XiangpengHao commented on code in PR #12044:
URL: https://github.com/apache/datafusion/pull/12044#discussion_r1720863104


##########
datafusion/functions/src/unicode/substr.rs:
##########
@@ -107,11 +112,170 @@ pub fn substr(args: &[ArrayRef]) -> Result<ArrayRef> {
     }
 }
 
-/// Extracts the substring of string starting at the start'th character, and 
extending for count characters if that is specified. (Same as substring(string 
from start for count).)
-/// substr('alphabet', 3) = 'phabet'
-/// substr('alphabet', 3, 2) = 'ph'
-/// The implementation uses UTF-8 code points as characters
-fn calculate_substr<'a, V, T>(string_array: V, args: &[ArrayRef]) -> 
Result<ArrayRef>
+// Return the exact byte index for [start, end), set count to -1 to ignore 
count
+fn get_true_start_count(input: &str, start: usize, count: i64) -> (usize, 
usize) {
+    let (mut st, mut ed) = (input.len(), input.len());
+    let mut start_counting = false;
+    let mut cnt = 0;
+    for (char_cnt, (byte_cnt, _)) in input.char_indices().enumerate() {
+        if char_cnt == start {
+            st = byte_cnt;
+            if count != -1 {
+                start_counting = true;
+            } else {
+                break;
+            }
+        }
+        if start_counting {
+            if cnt == count {
+                ed = byte_cnt;
+                break;
+            }
+            cnt += 1;
+        }
+    }
+    (st, ed)
+}
+
+// The decoding process refs the trait at: arrow/arrow-data/src/byte_view.rs:44
+// From<u128> for ByteView
+fn calculate_string_view(
+    string_array: &StringViewArray,
+    args: &[ArrayRef],
+) -> Result<ArrayRef> {
+    let mut builder = StringViewBuilder::new();
+    // Copy all blocks from input
+    for block in string_array.data_buffers() {
+        builder.append_block(block.clone());
+    }
+
+    let start_array = as_int64_array(&args[0])?;
+
+    match args.len() {
+        1 => {
+            for (idx, (raw, start)) in string_array
+                .views()
+                .iter()
+                .zip(start_array.iter())

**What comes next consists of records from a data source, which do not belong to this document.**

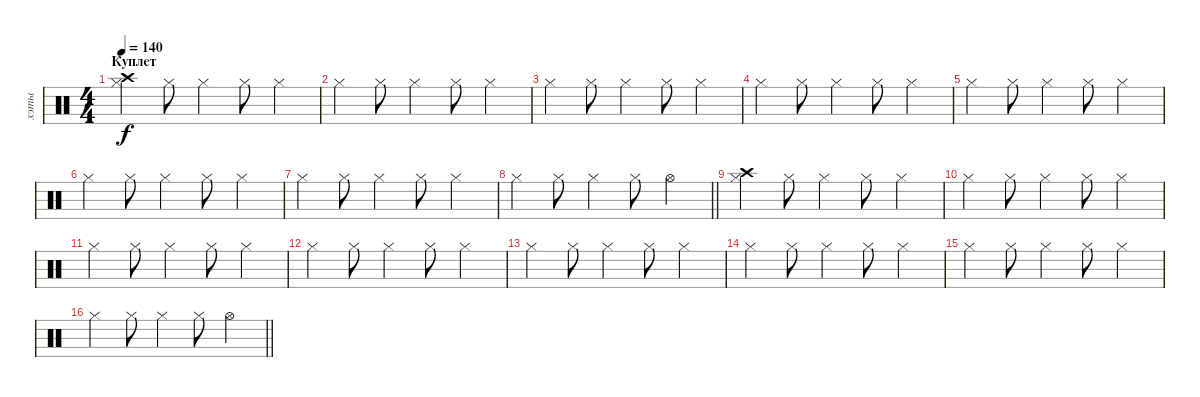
\track ("хэты" "хэты") {instrument percussion}
\staff {score}
\articulation defaults
\ts (4 4)
\section ("" "Куплет")
\tempo 140
\clef neutral
\ks c
("Hi-Hat (closed)" "Crash high (hit)").4{dy f} "Hi-Hat (closed)".8 "Hi-Hat (closed)".4 "Hi-Hat (closed)".8 "Hi-Hat (closed)".4 |
"Hi-Hat (closed)".4 "Hi-Hat (closed)".8 "Hi-Hat (closed)".4 "Hi-Hat (closed)".8 "Hi-Hat (closed)".4 |
"Hi-Hat (closed)".4 "Hi-Hat (closed)".8 "Hi-Hat (closed)".4 "Hi-Hat (closed)".8 "Hi-Hat (closed)".4 |
"Hi-Hat (closed)".4 "Hi-Hat (closed)".8 "Hi-Hat (closed)".4 "Hi-Hat (closed)".8 "Hi-Hat (closed)".4 |
"Hi-Hat (closed)".4 "Hi-Hat (closed)".8 "Hi-Hat (closed)".4 "Hi-Hat (closed)".8 "Hi-Hat (closed)".4 |
"Hi-Hat (closed)".4 "Hi-Hat (closed)".8 "Hi-Hat (closed)".4 "Hi-Hat (closed)".8 "Hi-Hat (closed)".4 |
"Hi-Hat (closed)".4 "Hi-Hat (closed)".8 "Hi-Hat (closed)".4 "Hi-Hat (closed)".8 "Hi-Hat (closed)".4 |
\barLineRight lightlight "Hi-Hat (closed)".4 "Hi-Hat (closed)".8 "Hi-Hat (closed)".4 "Hi-Hat (closed)".8 "Hi-Hat (open)".4
|
("Hi-Hat (closed)" "Crash high (hit)").4 "Hi-Hat (closed)".8 "Hi-Hat (closed)".4 "Hi-Hat (closed)".8 "Hi-Hat (closed)".4 |
"Hi-Hat (closed)".4 "Hi-Hat (closed)".8 "Hi-Hat (closed)".4 "Hi-Hat (closed)".8 "Hi-Hat (closed)".4 |
"Hi-Hat (closed)".4 "Hi-Hat (closed)".8 "Hi-Hat (closed)".4 "Hi-Hat (closed)".8 "Hi-Hat (closed)".4 |
"Hi-Hat (closed)".4 "Hi-Hat (closed)".8 "Hi-Hat (closed)".4 "Hi-Hat (closed)".8 "Hi-Hat (closed)".4 |
"Hi-Hat (closed)".4 "Hi-Hat (closed)".8 "Hi-Hat (closed)".4 "Hi-Hat (closed)".8 "Hi-Hat (closed)".4 |
"Hi-Hat (closed)".4 "Hi-Hat (closed)".8 "Hi-Hat (closed)".4 "Hi-Hat (closed)".8 "Hi-Hat (closed)".4 |
"Hi-Hat (closed)".4 "Hi-Hat (closed)".8 "Hi-Hat (closed)".4 "Hi-Hat (closed)".8 "Hi-Hat (closed)".4 |
\barLineRight lightlight "Hi-Hat (closed)".4 "Hi-Hat (closed)".8 "Hi-Hat (closed)".4 "Hi-Hat (closed)".8 "Hi-Hat (open)".4

+                .enumerate()
+            {
+                if let Some(start) = start {
+                    let length = *raw as u32;
+                    let start = (start - 1).max(0);
+
+                    // Operate according to the length of bytes
+                    if length == 0 {
+                        builder.append_null();
+                    } else if length > 12 {
+                        let buffer_index = (*raw >> 64) as u32;
+                        let offset = (*raw >> 96) as u32;
+                        let str = string_array.value(idx);
+                        let (start, end) = get_true_start_count(str, start as 
usize, -1);
+                        // Safety: builder is guaranteed to have corresponding 
blocks
+                        unsafe {
+                            builder.append_view_unchecked(
+                                buffer_index,
+                                offset + start as u32,
+                                // guarantee that end-offset >= 0 for end <= 
str.len()
+                                (end - start) as u32,
+                            );
+                        }
+                    } else {
+                        let bytes = ((*raw >> 32) & u128::MAX).to_le_bytes();
+                        let str = match std::str::from_utf8(&bytes[..length as 
usize]) {
+                            Ok(str) => {
+                                // Extract str[start, end) by char
+                                let (start, end) = get_true_start_count(
+                                    str,
+                                    start as usize,
+                                    length as i64,
+                                );
+                                &str[start..end]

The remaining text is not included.